A cylindrical bucket, 32 cm high and 18 cm of radius of the base, is filled with sand. This bucket is emptied on the ground and a conical heap of sand is formed. If the height of the conical heap is 24 cm, find the radius and slant height of the heap
The height and radius of the cylindrical bucket are $h=32 \mathrm{~cm}$ and $r=18 \mathrm{~cm}$ respectively. Therefore, the volume of the cylindrical bucket is
$V=\pi r^{2} h$
$=\frac{22}{7} \times(18)^{2} \times 32$
The bucket is full of sand and is emptied in the ground to form a conical heap of sand of height $h_{1}=24 \mathrm{~cm}$. Let, the radius and slant height of the conical heap be $r_{1} \mathrm{~cm}$ and $l_{1} \mathrm{~cm}$ respectively.
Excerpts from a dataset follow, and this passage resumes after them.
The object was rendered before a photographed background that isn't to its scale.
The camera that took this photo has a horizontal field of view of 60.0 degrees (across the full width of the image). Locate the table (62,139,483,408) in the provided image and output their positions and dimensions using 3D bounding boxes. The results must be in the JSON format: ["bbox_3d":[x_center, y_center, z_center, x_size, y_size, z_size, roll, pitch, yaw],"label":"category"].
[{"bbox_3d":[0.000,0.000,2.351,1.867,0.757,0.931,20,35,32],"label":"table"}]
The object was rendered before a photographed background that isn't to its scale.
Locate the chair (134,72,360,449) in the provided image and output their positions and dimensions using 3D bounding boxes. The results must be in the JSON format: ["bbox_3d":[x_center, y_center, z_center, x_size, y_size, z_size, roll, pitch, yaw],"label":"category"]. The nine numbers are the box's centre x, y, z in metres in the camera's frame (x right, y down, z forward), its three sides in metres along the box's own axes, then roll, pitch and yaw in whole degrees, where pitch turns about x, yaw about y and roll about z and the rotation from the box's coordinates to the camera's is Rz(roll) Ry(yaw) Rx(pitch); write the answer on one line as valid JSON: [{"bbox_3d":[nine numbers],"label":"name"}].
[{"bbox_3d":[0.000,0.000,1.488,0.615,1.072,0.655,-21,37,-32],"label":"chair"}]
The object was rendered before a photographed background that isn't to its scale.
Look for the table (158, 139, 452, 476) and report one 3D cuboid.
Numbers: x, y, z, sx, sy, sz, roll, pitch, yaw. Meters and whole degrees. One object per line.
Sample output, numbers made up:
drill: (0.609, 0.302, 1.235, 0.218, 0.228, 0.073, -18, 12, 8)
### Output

Then, we have
$l_{1}^{2}=r_{1}^{2}+h_{1}^{2}$
$\Rightarrow r_{1}^{2}=l_{1}^{2}-h_{1}^{2}$
$\Rightarrow r_{1}^{2}=l_{1}^{2}-(24)^{2}$
The volume of the conical heap is
$V_{1}=\frac{1}{3} \pi r_{1}^{2} h_{1}$
$=\frac{1}{3} \times \frac{22}{7} \times r_{1}^{2} \times 24$
$=\frac{22}{7} \times r_{1}^{2} \times 8$
Since, the volume of the cylindrical bucket and conical hear are same, we have
$V_{1}=V$
$\Rightarrow \frac{22}{7} \times r_{1}^{2} \times 8=\frac{22}{7} \times(18)^{2} \times 32$
$\Rightarrow \quad r_{1}^{2}=(18)^{2} \times 4$
$\Rightarrow \quad r_{1}=18 \times 2$
$\Rightarrow \quad r_{1}=36$
Then, we have
$l_{1}^{2}=r_{1}^{2}+h_{1}^{2}$
$\Rightarrow l_{1}^{2}=(36)^{2}+(24)^{2}$
$\Rightarrow l_{1}=43.27$
Therefore, the radius and the slant height of the conical heap are 36 cm and 43.27 cm respectively.